Через лужицу, мимо трухлявого пенька, обогнул куст боярышника. Выше, выше... Уже близко деревья. Какие они огромные! И шумят так, будто хлещет ливень. А что за ними? Что за теми сумерками, за туманом леса? Вдруг — огромное, прекрасное, необитаемое болото. Тина нежней­шая, комарья тучи, жирные личинки... Чока поживет в нем, вернется к сородичам и... Выше, еще выше! Вот бы отор­ваться и полететь...

И Чока оторвался, полетел. Его охватил со всех сторон воздух, от невесомости сперло дыхание, Чока квакнул, изумляясь, и расправил лапки, как крылья. Он летел! Да, он летел!.. Но вдруг его окутала темнота, он уловил запах прелой сырости, и... сильный удар лишил его памяти.

Приходил в себя Чока медленно, так, точно снова из икринки вырастал в головастика, из головастика — в ля­гушонка. А когда вырос, ощутил себя всего, до кончиков лапок,— увидел плесень на старых досках, глинистые стены, размытые дождем, и высоко-высоко клочок неба с жидкими верхушками деревьев.

Чока понял: он свалился в яму. И испугался и заквакал, изо всей силы раздув свое горло. Где-то далеко, чуть ли не в самом небе, отозвались лягушки, и опять стало тихо. Чоке сделалось стыдно: он так некрасиво, испуганно ква­кал (позабыл даже причокнуть), что родня болотная может подумать о нем, будто ему плохо или он жалуется. А ля­гушата и лягушечки смеяться начнут, кувыркаясь в тине. Чока еще пуще раздул свое горло и зачокал, захохотал, подняв голову к дрожавшим на ветру верхушкам деревьев.

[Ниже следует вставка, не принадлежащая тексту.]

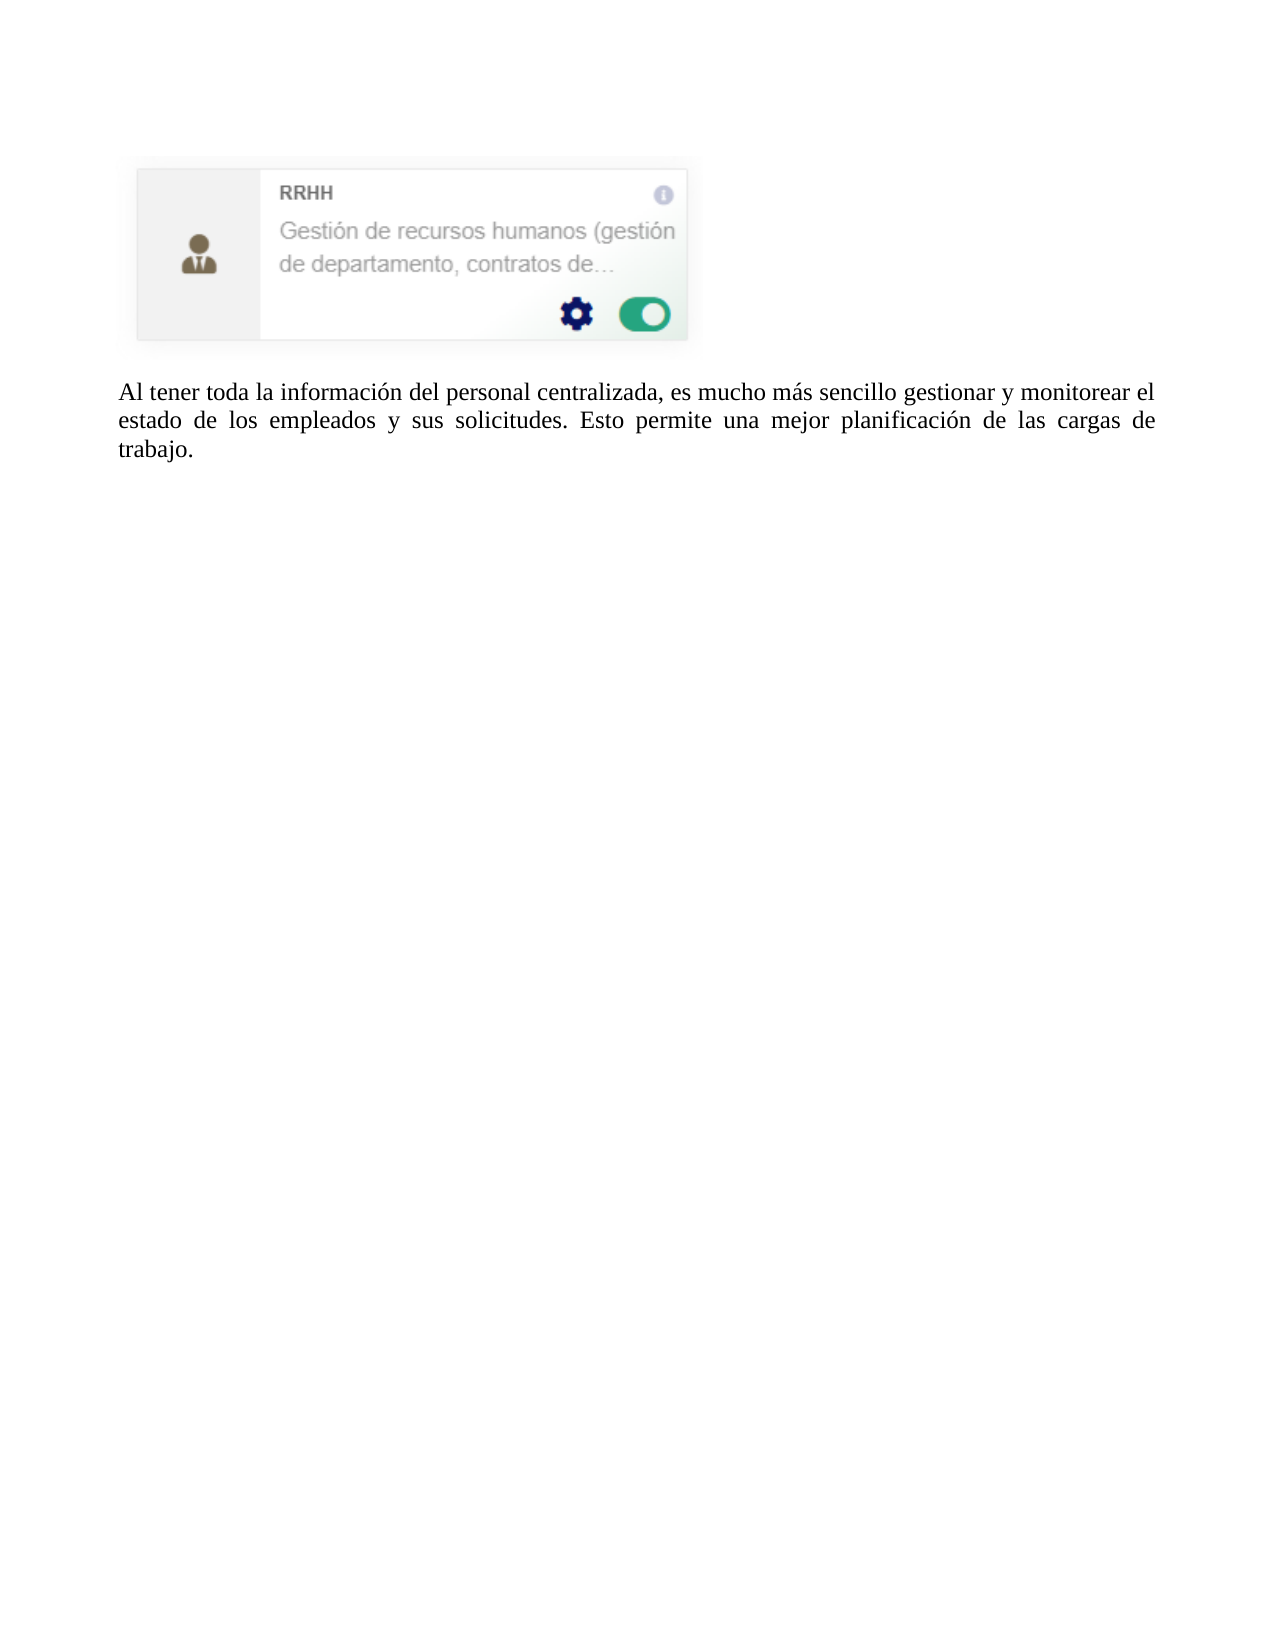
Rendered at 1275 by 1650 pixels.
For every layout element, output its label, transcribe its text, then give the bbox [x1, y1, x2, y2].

picture [115, 156, 704, 360]
text Al tener toda la información del personal centralizada, es mucho más sencillo gestionar y monitorear el estado de los empleados y sus solicitudes. Esto permite una mejor planificación de las cargas de trabajo. [118, 377, 1157, 463]

«Не надо пугаться, — решил он, — главное — хладно­кровие». У него же, у Чоки, кровь холодная. «Надо поду­мать, прикинуть, взвесить — и выход из ямы найдется».

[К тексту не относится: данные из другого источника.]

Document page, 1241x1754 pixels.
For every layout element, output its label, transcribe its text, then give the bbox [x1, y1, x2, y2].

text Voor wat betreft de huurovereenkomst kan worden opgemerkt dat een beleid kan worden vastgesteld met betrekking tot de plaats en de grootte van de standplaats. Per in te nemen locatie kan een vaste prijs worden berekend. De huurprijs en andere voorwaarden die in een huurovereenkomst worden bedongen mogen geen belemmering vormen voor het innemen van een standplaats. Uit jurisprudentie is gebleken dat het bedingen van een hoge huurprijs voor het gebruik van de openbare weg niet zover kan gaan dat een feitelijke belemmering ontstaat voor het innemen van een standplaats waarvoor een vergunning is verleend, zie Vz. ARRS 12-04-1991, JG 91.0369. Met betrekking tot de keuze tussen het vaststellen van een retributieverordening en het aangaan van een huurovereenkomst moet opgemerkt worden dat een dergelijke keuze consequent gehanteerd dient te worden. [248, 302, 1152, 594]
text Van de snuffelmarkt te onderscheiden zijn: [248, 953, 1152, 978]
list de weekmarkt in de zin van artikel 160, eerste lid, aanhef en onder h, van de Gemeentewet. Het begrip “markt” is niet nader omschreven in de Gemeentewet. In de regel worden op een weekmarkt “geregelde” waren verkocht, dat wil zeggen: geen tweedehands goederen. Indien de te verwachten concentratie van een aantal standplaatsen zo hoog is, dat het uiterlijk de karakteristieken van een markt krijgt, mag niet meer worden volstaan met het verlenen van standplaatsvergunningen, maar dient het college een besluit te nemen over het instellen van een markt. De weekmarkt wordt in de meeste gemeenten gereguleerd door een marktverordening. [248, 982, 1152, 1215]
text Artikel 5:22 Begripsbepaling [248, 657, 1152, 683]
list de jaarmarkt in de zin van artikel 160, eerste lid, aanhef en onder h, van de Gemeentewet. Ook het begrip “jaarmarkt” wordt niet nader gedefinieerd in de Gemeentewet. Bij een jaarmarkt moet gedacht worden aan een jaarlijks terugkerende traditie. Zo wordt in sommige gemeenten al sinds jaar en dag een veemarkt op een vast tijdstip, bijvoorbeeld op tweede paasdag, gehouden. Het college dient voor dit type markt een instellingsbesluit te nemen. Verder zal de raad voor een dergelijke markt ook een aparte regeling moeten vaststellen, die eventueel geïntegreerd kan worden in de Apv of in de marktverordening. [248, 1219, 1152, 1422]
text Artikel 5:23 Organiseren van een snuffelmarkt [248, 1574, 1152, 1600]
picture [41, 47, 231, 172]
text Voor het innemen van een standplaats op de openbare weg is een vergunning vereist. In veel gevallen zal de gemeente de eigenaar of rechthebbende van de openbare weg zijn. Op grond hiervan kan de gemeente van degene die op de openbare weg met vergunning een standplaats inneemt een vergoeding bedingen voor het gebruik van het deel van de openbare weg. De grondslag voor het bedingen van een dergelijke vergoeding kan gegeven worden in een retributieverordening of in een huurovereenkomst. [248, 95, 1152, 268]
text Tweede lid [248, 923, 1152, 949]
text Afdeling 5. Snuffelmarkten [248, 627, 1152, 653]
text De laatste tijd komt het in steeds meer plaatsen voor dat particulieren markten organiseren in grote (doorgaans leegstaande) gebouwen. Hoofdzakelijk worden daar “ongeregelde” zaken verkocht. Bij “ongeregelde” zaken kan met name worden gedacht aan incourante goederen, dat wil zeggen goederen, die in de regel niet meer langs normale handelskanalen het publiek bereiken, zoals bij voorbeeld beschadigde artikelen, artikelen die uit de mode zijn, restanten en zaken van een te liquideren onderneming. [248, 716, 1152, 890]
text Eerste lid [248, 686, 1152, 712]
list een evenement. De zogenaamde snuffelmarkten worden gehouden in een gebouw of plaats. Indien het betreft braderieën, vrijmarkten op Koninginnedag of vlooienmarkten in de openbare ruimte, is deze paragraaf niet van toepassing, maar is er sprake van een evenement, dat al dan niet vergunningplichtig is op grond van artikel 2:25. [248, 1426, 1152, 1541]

Вон слегка обвалилась стена, чуть левее свесился кло­чок дерна с кустом крапивы, а рядом к углу ямы, наискось, тянется край замшелой доски. Подняться по ней до кон­ца — и выпрыгнуть.

Чока вскарабкался на доску — сырую, осклизлую, осторожно пополз вверх. Не надо только смотреть в яму, чтобы не свалиться, да и что там интересного, внизу? Чока уставился в белую тучку в небе, и почти совсем спокойно дополз до края доски. Здесь яма была намного шире, гуще виднелись верхушки деревьев, голубее светилось небо. И кромка дёрна совсем близко, только изловчиться и прыг­нуть изо всей силы.